» Your instructions: Would you give the entries again word for word, with no pictures in the copy?

Materials provided Block Start

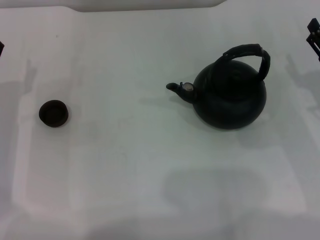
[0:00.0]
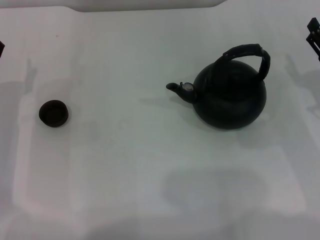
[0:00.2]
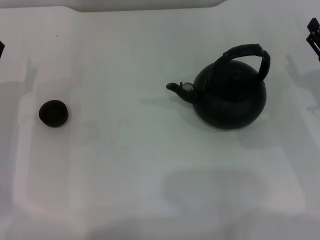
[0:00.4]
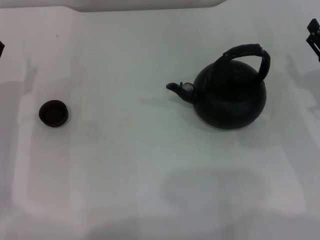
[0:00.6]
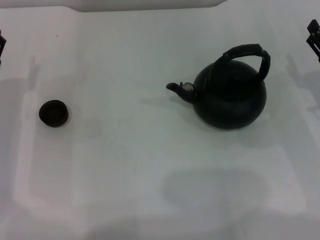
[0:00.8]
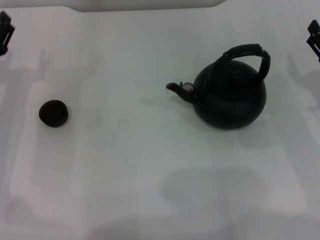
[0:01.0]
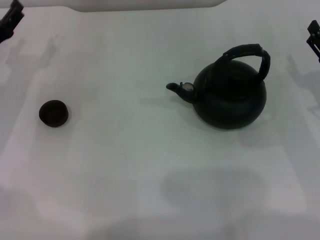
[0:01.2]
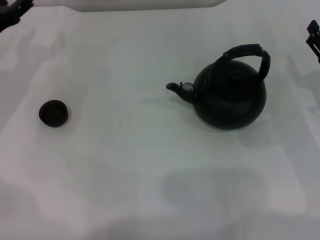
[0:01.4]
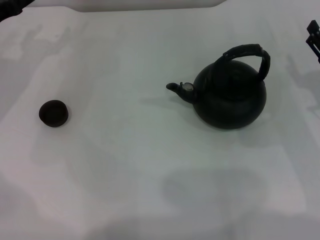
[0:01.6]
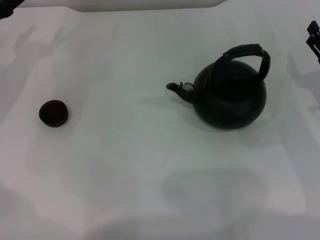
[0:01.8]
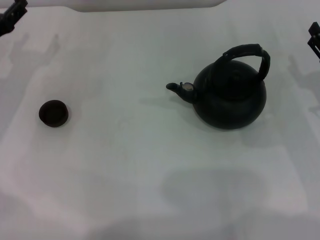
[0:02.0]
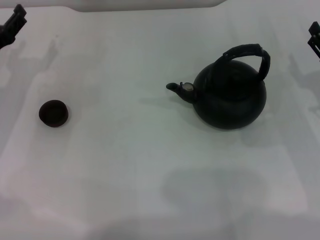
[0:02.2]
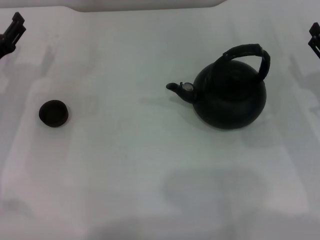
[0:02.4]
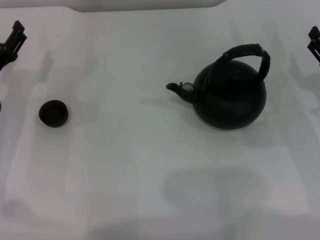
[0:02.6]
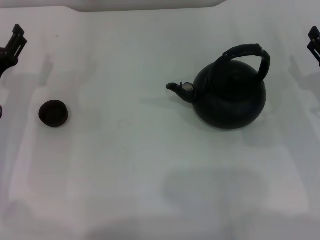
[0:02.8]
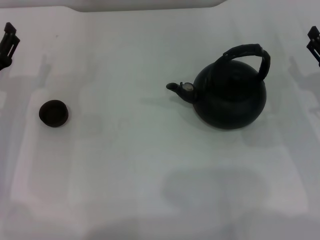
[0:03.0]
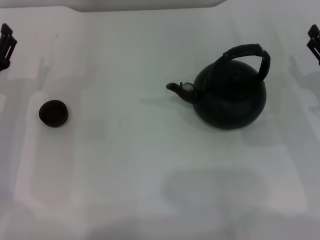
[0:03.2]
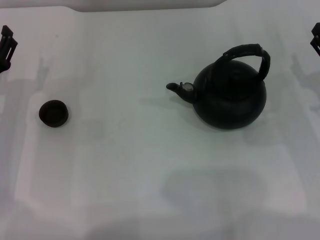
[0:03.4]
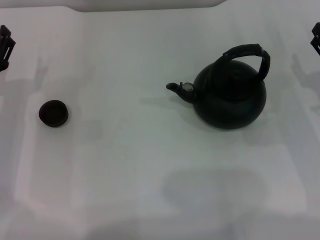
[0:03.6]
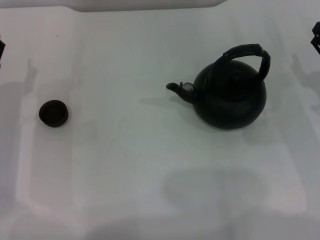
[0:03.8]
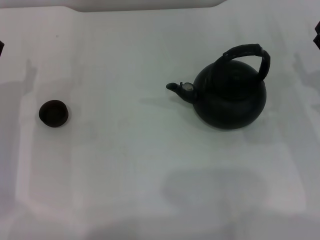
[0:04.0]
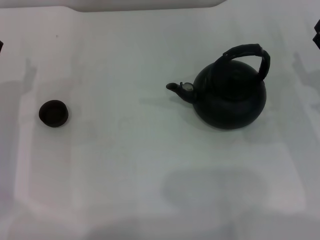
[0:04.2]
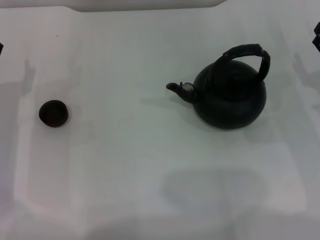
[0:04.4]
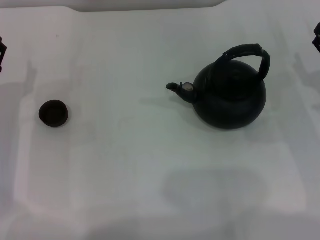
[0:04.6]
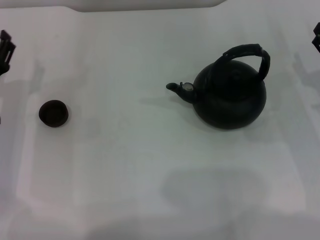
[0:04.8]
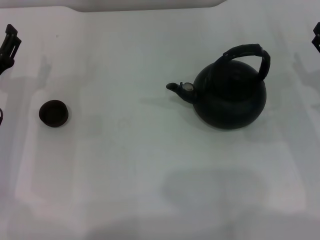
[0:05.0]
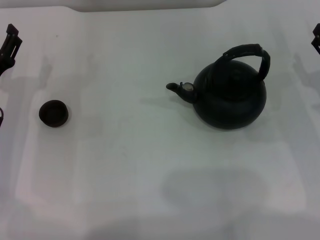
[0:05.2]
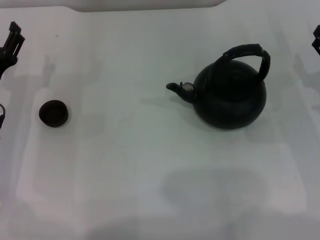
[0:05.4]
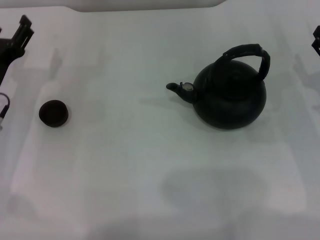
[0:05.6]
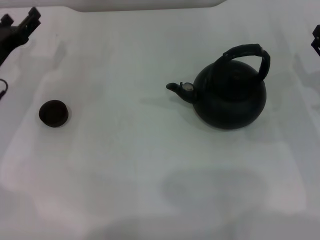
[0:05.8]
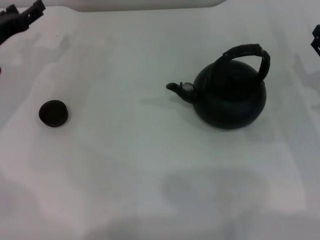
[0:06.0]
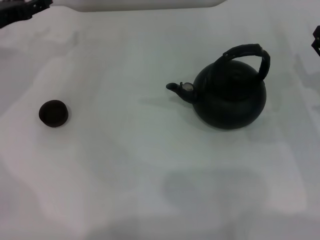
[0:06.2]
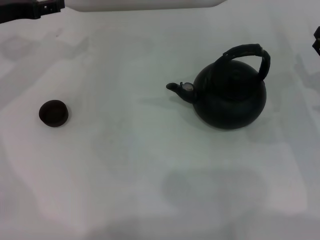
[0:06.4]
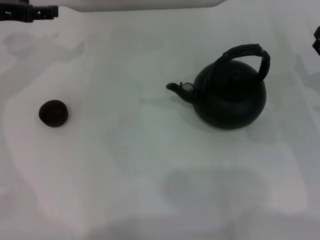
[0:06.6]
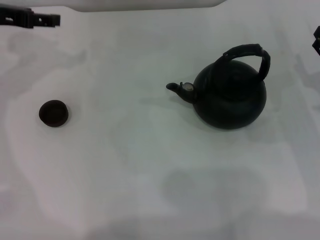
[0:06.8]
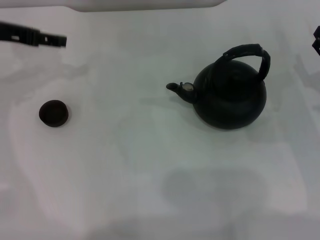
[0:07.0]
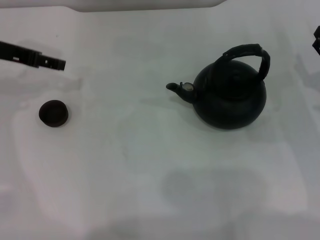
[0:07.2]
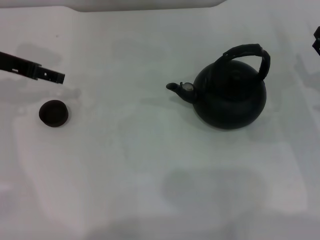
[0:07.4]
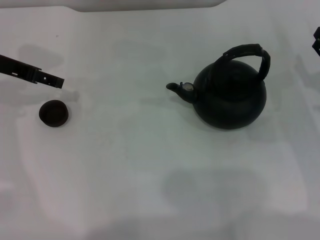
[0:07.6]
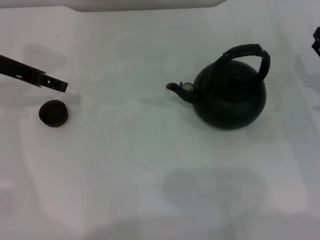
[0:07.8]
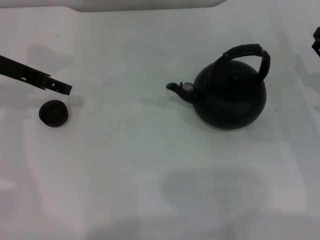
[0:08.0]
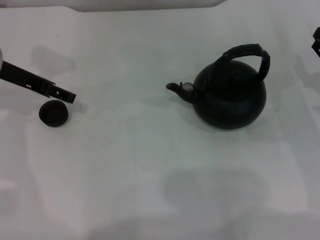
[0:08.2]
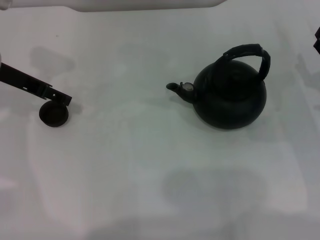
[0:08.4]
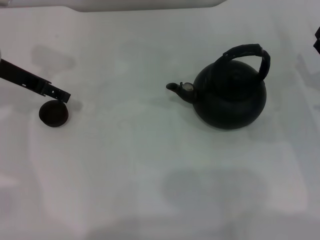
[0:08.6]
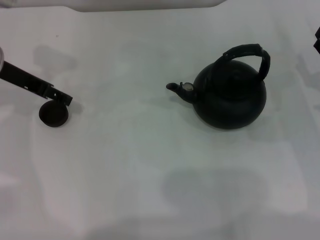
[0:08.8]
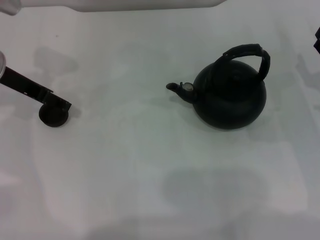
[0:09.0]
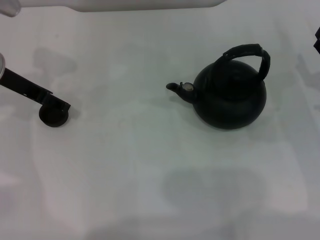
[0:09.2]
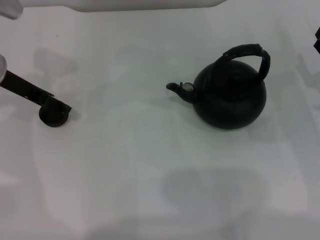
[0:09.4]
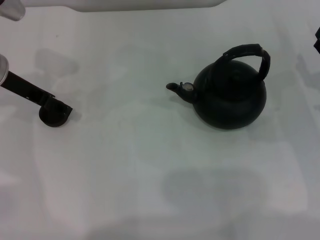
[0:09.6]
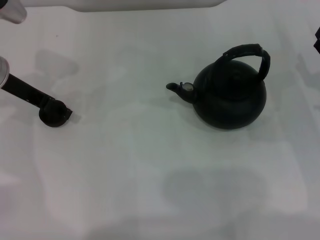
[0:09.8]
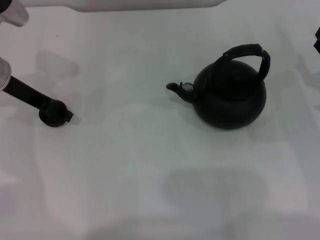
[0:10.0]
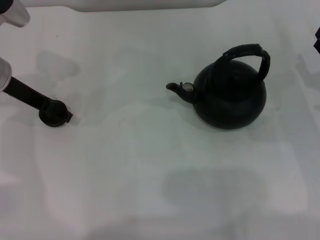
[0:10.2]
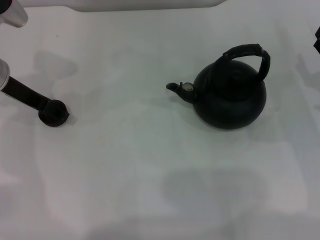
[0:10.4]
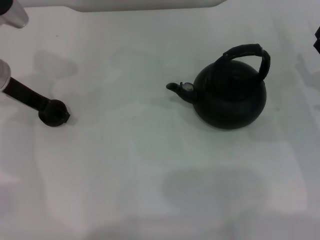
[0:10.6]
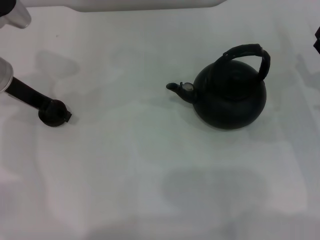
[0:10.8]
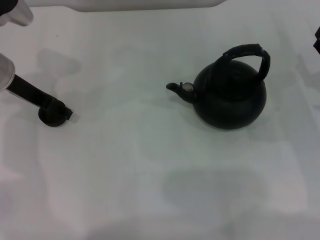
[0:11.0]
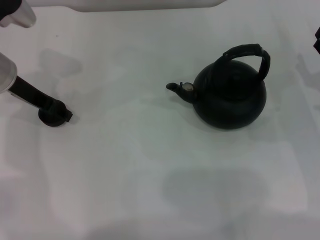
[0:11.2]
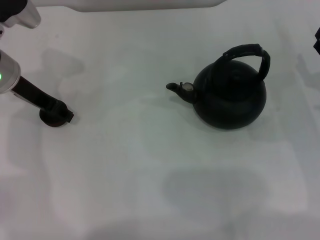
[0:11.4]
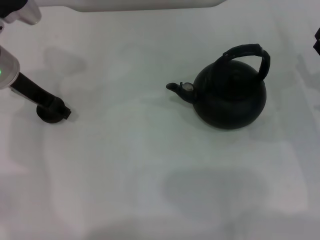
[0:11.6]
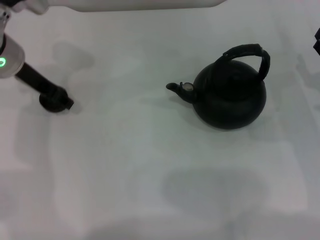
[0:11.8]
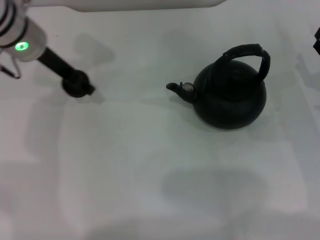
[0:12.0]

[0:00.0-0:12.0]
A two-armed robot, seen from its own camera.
Task of the whole recording: Grasp the handle of the teapot with one hand and pour tea into the teacup.
Step, 0:00.0 to 0:11.8: Pick up the teacup with the left gripper.
0:00.0 to 0:01.6: The left gripper heads forward and upward, covering about 15 cm.
0:01.6 to 0:03.0: The left gripper travels backward and downward by some 10 cm.
0:03.0 to 0:04.4: The grippers move only a little.
0:04.4 to 0:06.0: The left gripper moves forward and upward, approximately 10 cm.
0:06.0 to 0:07.6: The left gripper moves upward, approximately 10 cm.
0:07.6 to 0:09.0: The grippers make only small movements.
0:09.0 to 0:10.4: Both grippers stay about where they are.
0:10.4 to 0:12.0: The left gripper heads to the right, covering about 5 cm, and closes up.

Materials provided Block End

» Completed exercise:
[0:00.0]
[0:00.2]
[0:00.4]
[0:00.6]
[0:00.8]
[0:01.0]
[0:01.2]
[0:01.4]
[0:01.6]
[0:01.8]
[0:02.0]
[0:02.2]
[0:02.4]
[0:02.6]
[0:02.8]
[0:03.0]
[0:03.2]
[0:03.4]
[0:03.6]
[0:03.8]
[0:04.0]
[0:04.2]
[0:04.4]
[0:04.6]
[0:04.8]
[0:05.0]
[0:05.2]
[0:05.4]
[0:05.6]
[0:05.8]
[0:06.0]
[0:06.2]
[0:06.4]
[0:06.6]
[0:06.8]
[0:07.0]
[0:07.2]
[0:07.4]
[0:07.6]
[0:07.8]
[0:08.0]
[0:08.2]
[0:08.4]
[0:08.6]
[0:08.8]
[0:09.0]
[0:09.2]
[0:09.4]
[0:09.6]
[0:09.8]
[0:10.0]
[0:10.2]
[0:10.4]
[0:10.6]
[0:10.8]
[0:11.0]
[0:11.2]
[0:11.4]
[0:11.6]
[0:11.8]
[0:12.0]

[0:00.0-0:12.0]
A two-armed robot, seen from its own camera.
Task of the whole recording: Grasp the handle of the teapot with one hand and pour tea into the teacup.
Step, 0:00.0 to 0:11.8: Pick up the teacup with the left gripper.
0:00.0 to 0:01.6: The left gripper heads forward and upward, covering about 15 cm.
0:01.6 to 0:03.0: The left gripper travels backward and downward by some 10 cm.
0:03.0 to 0:04.4: The grippers move only a little.
0:04.4 to 0:06.0: The left gripper moves forward and upward, approximately 10 cm.
0:06.0 to 0:07.6: The left gripper moves upward, approximately 10 cm.
0:07.6 to 0:09.0: The grippers make only small movements.
0:09.0 to 0:10.4: Both grippers stay about where they are.
0:10.4 to 0:12.0: The left gripper heads to the right, covering about 5 cm, and closes up.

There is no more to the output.